One thing we really stress here at Tuff when looking at budgets for our social ads channels is that adding additional budget at an underperforming channel or campaign won’t help your results. There are many problems in life that can be solved by throwing money at them, but poor advertising results isn’t one of them. 

There are three stages to running campaigns on Facebook when you’re looking to achieve success at scale:

  1. Traction 
  2. Scale
  3. Profit

To sum these steps up, traction is where you put in the work to achieve consistent profitable results, scale is where you increase budgets steadily while still maintaining profitability, and profit is where you swim in your money Scrooge McDuck style.

You’ve got to walk before you can run. The traction phase is where you define what profitability looks like from an account results standpoint. This benchmark will vary greatly depending on your business model. It could be a specific cost per lead, ROAS number or cost per new customer. Whatever it is, you need to understand this tipping point before considering scaling up your budget. This should really be figured out before running ads at all, but that’s for another blog post.

Once you’ve defined your profitability metrics, you’ve got to go out and hit them. Go test audiences, ad creative, and copy combinations until you’ve determined the targeting and messaging needed to hit your profitability metrics.

Before you start scaling, you’ll want to be sure you’re hitting these numbers with some consistency. With how volatile Facebook advertising can be, it’s very likely that you can hit these goals one day, and not even come close the next. You’ll want to see results above your profitability threshold for a significant amount of time before you begin scaling. The amount of time will be different depending on what budget level you start at, but a good rule of thumb is 2-3 weeks of hitting KPIs before increasing your budget.

So now that we’ve got traction, it’s time to look at increasing our budgets, which is the whole reason you’re reading this article. As I mentioned earlier, scaling up too quickly can shock the Facebook algorithm and tank your results, so we always look to scale methodically to avoid that. There are two methods of scaling that we use, which we refer to as vertical scaling and horizontal scaling. We use a combination of these to increase overall budget. Let’s get into what they are. 

Scaling vertically

Vertical scaling is the easiest way to increase your ad spend on Facebook. When you scale vertically you’re taking your existing campaign structure and increasing the daily budgets for those campaigns or ad sets. In reality, this is just fancy marketing speak for taking your budget and making it larger, but there is some nuance involved.

It is possible to kick your ad sets back into the “Learning Phase” if you increase your budgets too quickly. An ad set being in the learning phase is an indicator that the algorithm is still working to stabilize your results. While in this state you can expect more volatility and higher than normal costs per action. An ad set leaves the learning phase after about 50 conversion events, at which point performance stabilizes a bit.

Needless to say we want to get out of the learning phase as quickly as possible and stay out of it.
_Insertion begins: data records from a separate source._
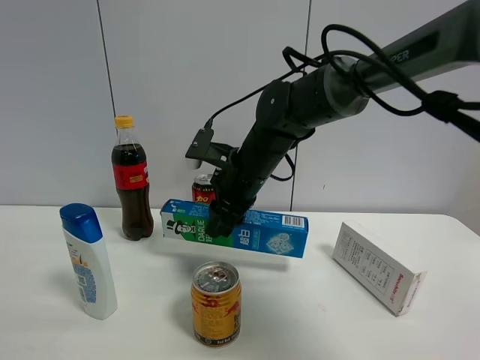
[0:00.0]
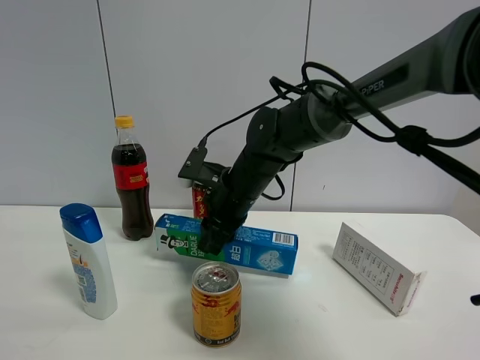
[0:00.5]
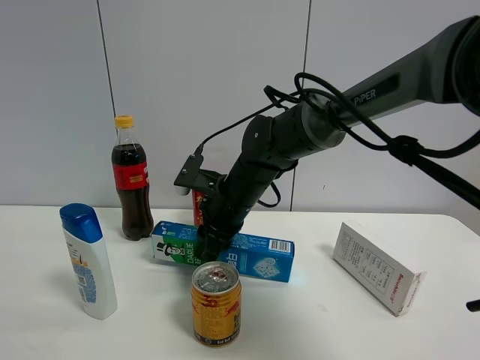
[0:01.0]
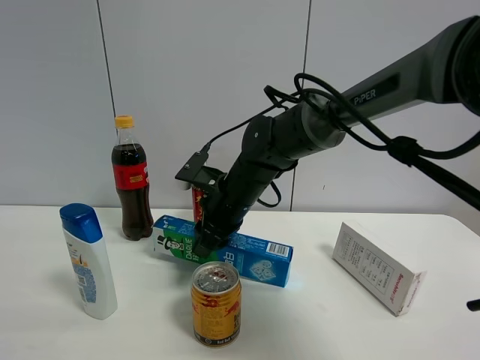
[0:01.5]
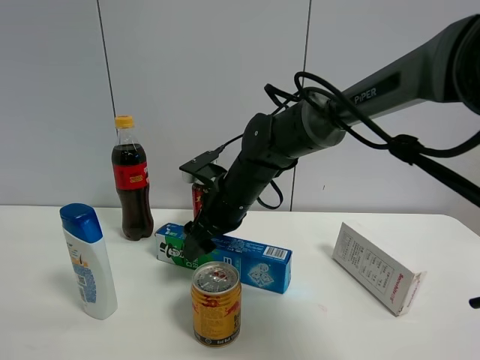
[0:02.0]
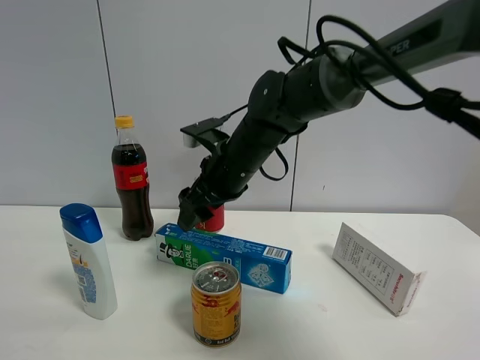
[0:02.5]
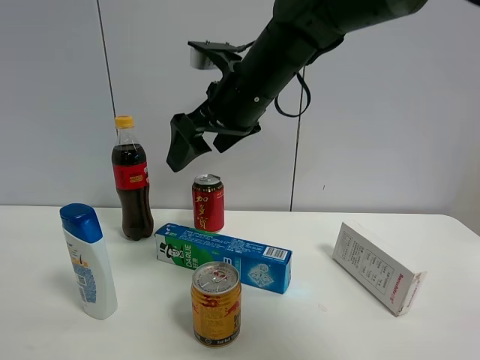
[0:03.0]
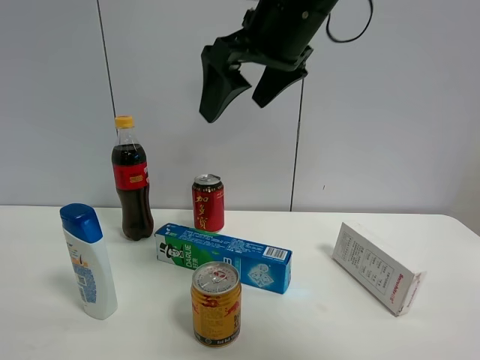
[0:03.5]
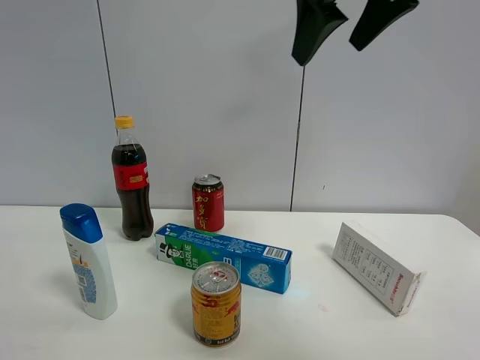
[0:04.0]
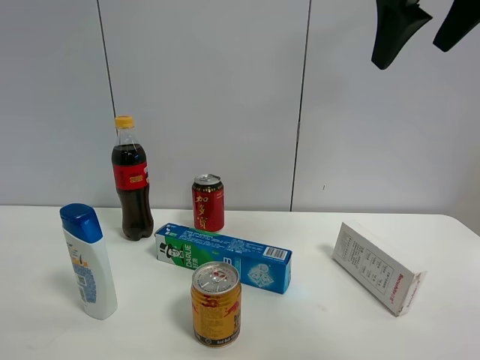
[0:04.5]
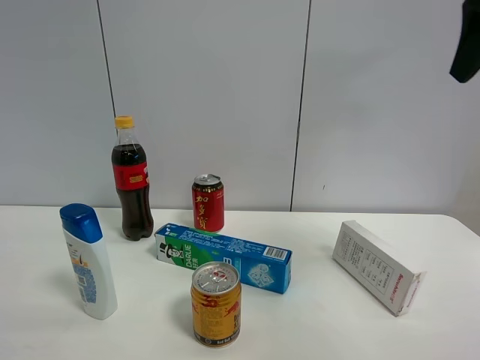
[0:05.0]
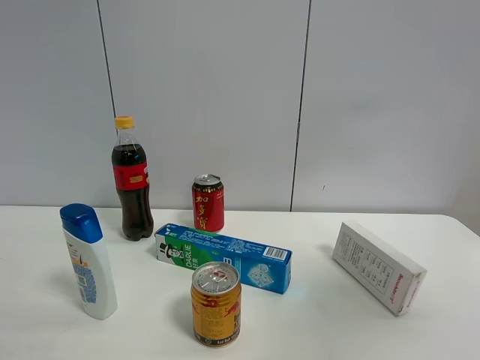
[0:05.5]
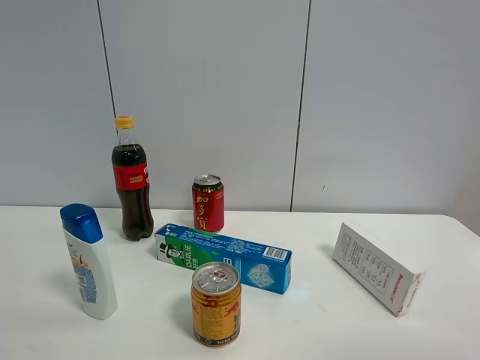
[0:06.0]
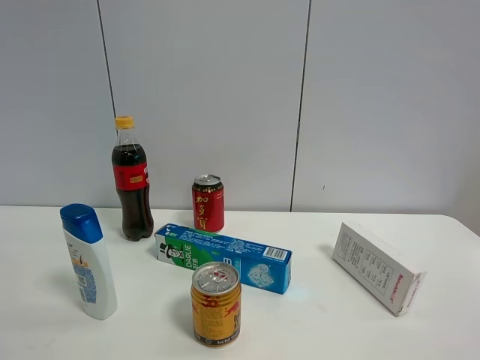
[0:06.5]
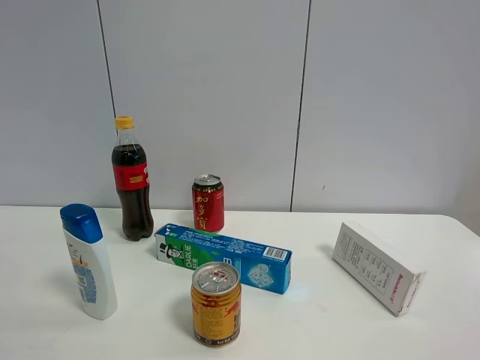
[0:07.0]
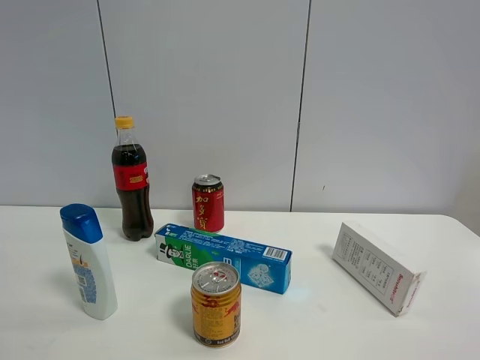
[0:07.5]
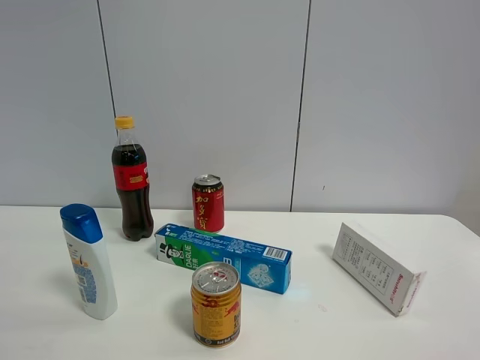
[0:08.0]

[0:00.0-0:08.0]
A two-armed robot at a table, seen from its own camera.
Task of the whole recording: the gripper move the object.
Step, 0:00.0 to 0:02.0: Place the toothpaste on the table with the right gripper.
0:00.0 to 0:02.0: The right gripper opens.
0:02.0 to 0:04.0: The right gripper shifts some 30 cm upward and to the right, and opens up.
0:04.0 to 0:06.0: The right gripper shifts approximately 35 cm backward and to the right.

learning phase in ads manager

“Large edits” to a campaign or ad sets will move ad sets back into the learning phase, with large increases to budget being one of those possible edits. Specifically, more than a 20% increase in spend to a campaign or ad set will be enough to get sent back to learning phase time out. 

All of this is to say keep your daily spend increases to 19% or less of your budget if your ad sets are out of the learning phase. If your ad sets aren’t out of learning just yet, it’s probably a good idea to wait for that to happen before increasing spend.

Scaling horizontally 

There is always going to be a point when scaling your existing structure starts to yield diminishing returns. As much as we’d like to scale effective campaigns and ad sets to infinity, there comes a point where you’ve maxed out the amount of spend you can pump into a campaign structure before you have to expand outward to find new efficiencies.
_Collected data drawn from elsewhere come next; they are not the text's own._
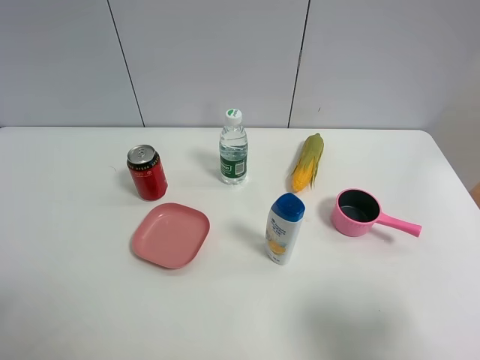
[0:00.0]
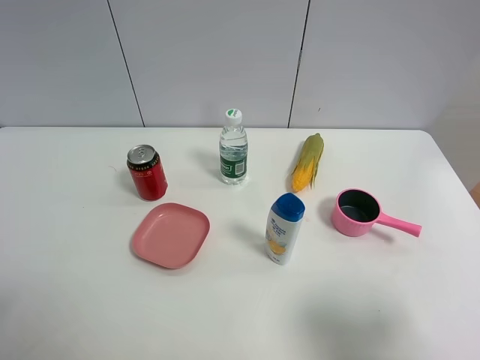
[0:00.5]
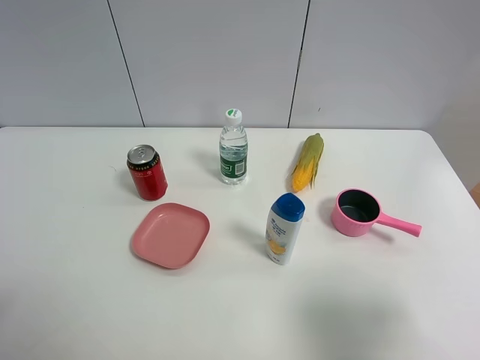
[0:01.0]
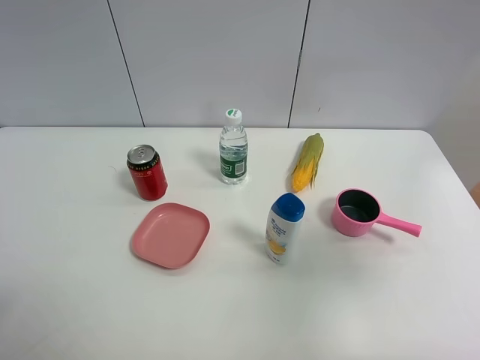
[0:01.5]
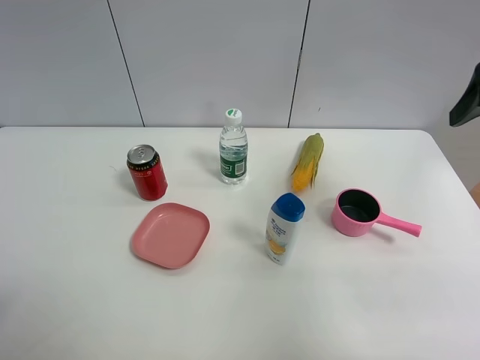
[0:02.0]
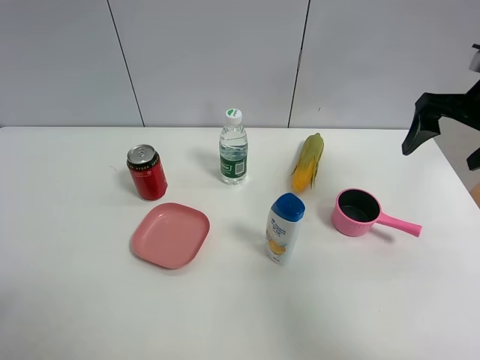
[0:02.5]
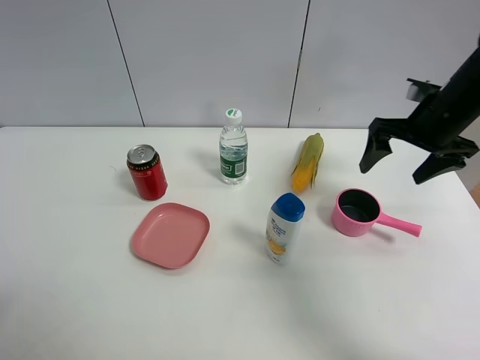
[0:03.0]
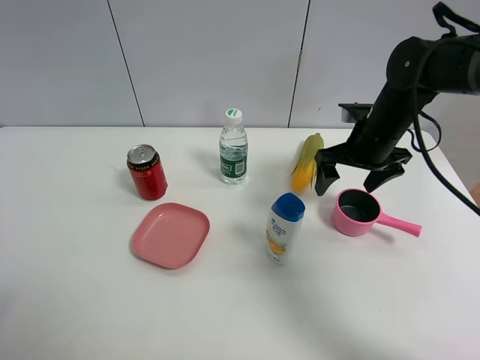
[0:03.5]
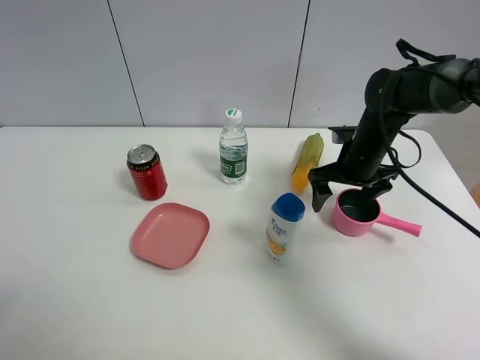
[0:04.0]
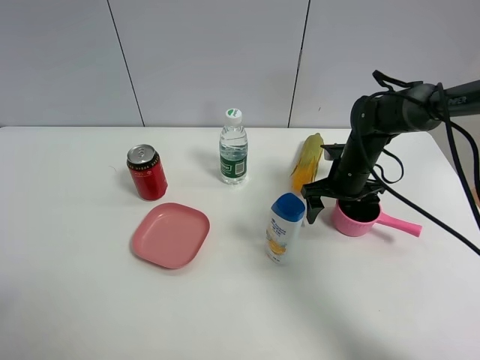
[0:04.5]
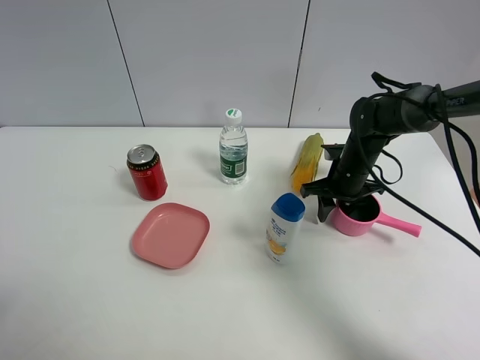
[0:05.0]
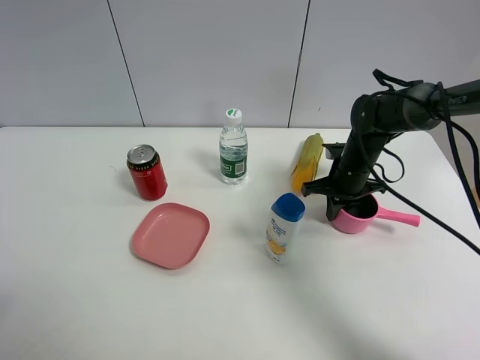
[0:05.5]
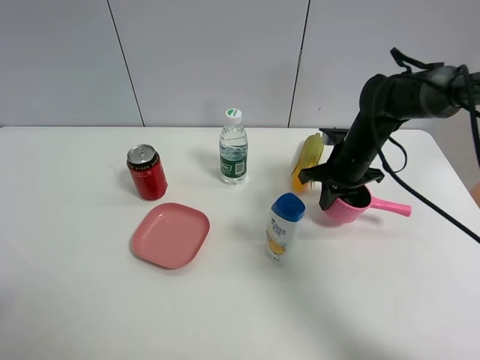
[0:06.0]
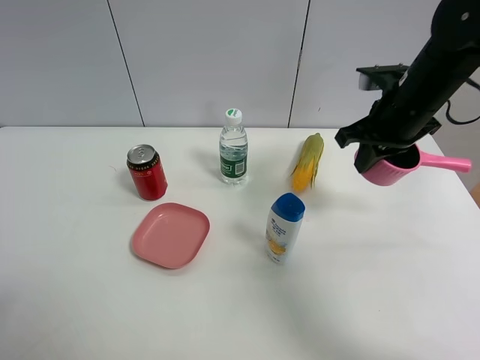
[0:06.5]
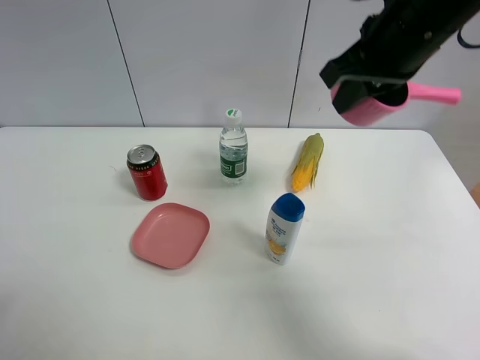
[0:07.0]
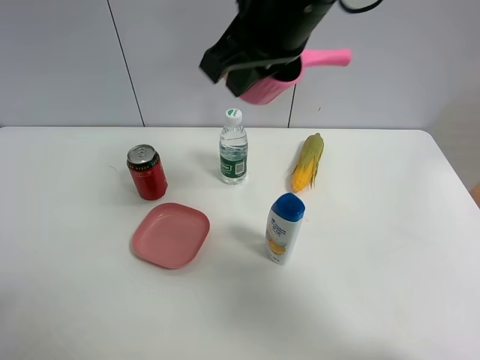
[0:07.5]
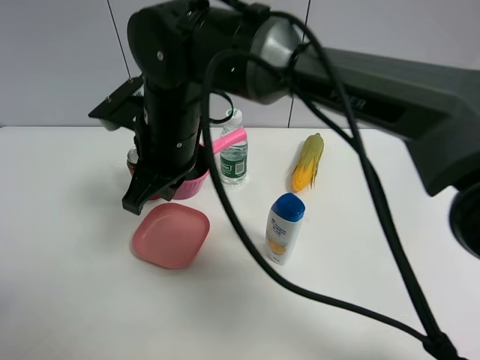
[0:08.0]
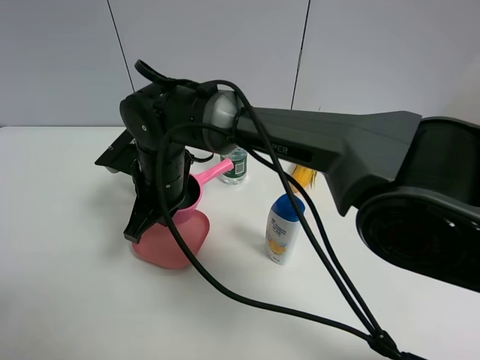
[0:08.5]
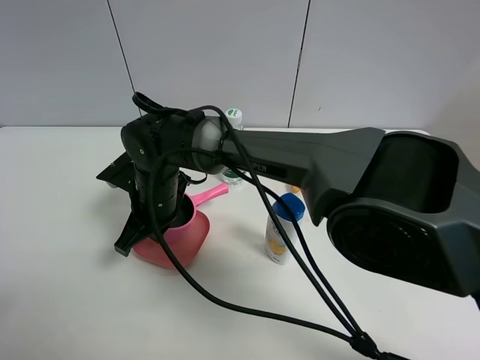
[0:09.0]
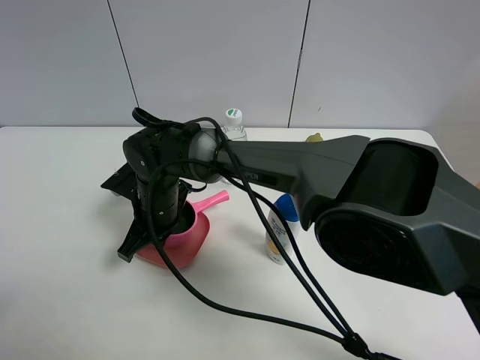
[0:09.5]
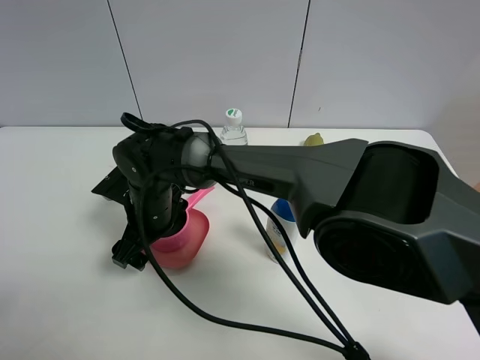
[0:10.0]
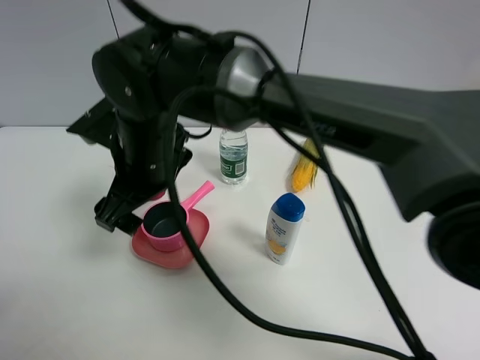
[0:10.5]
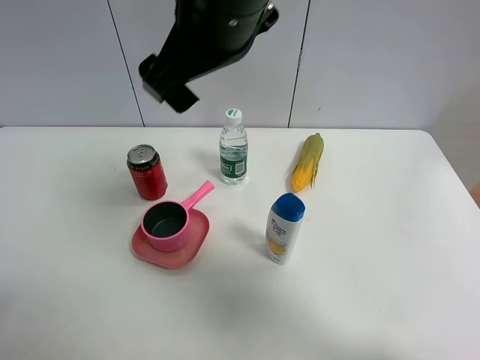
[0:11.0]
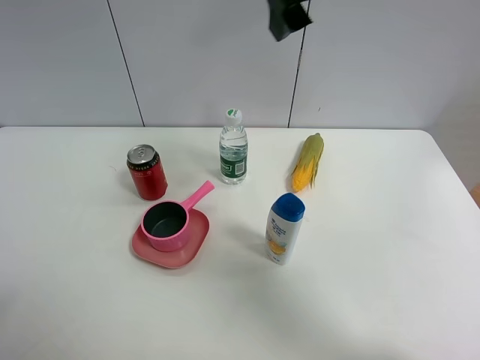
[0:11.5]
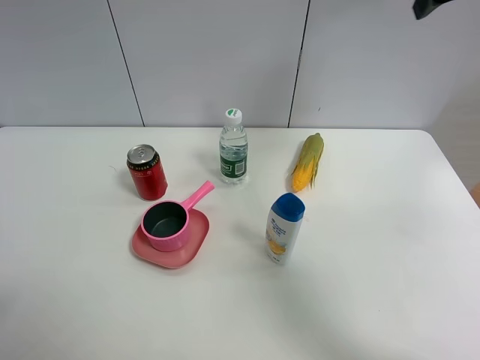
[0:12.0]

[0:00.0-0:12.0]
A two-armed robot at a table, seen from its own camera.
Task of the whole recording: the gripper move the object.
Step, 0:00.0 to 0:05.5: Grasp the pink pot with the right gripper.
Step, 0:06.0 to 0:10.0: Place the pink pot on the table with the right gripper.
0:00.0 to 0:02.0: The right gripper goes approximately 25 cm forward and upward.
0:02.0 to 0:04.0: The right gripper heads downward, forward and to the left, covering approximately 30 cm.
0:04.0 to 0:06.0: The right gripper closes up.
0:06.0 to 0:08.0: The right gripper heads to the left, covering about 30 cm.
0:08.0 to 0:10.0: The right gripper shifts about 10 cm downward, and opens its fingers.
0:10.0 to 0:12.0: The right gripper moves to the right and upward, approximately 50 cm.

Horizontal scaling is where you look for opportunities outside of your existing structure, usually in the form of new audiences, to spend budget. Audience testing is a huge part of being successful with Facebook advertising and chances are if you’ve made it to the point where you are scaling up your budget, you’ve done your fair share of audience testing already (remember finding traction?)

You’re definitely going to want to find these avenues of potential scale before you need to, so as you’re scaling vertically, it’s always a good idea to test new audiences to see if you can gain traction outside of your existing structure. 

When introducing new ad sets, it’s generally best to set the daily budget equal or lower than what your other campaigns/ad sets are at. The last thing you want to do is introduce a new audience at a really high daily budget only to see no traction and burn through a significant amount of ad spend without much return.

Once you see traction from a new audience, you can apply the vertical scaling principals I outlined earlier in the article, rinse and repeat.

Conclusion

Facebook loves consistency when it comes to running an ad account. Want to make a big change to an existing campaign? You’re usually going to get punished in the form of higher costs for a period of time. When scaling up your spend, make sure to stay below that 20% per day threshold to avoid having your ad sets get kicked back into the Learning Phase. Seeing rising costs as you’re scaling your existing structure? It’s probably time to look to scale horizontally with some new audiences.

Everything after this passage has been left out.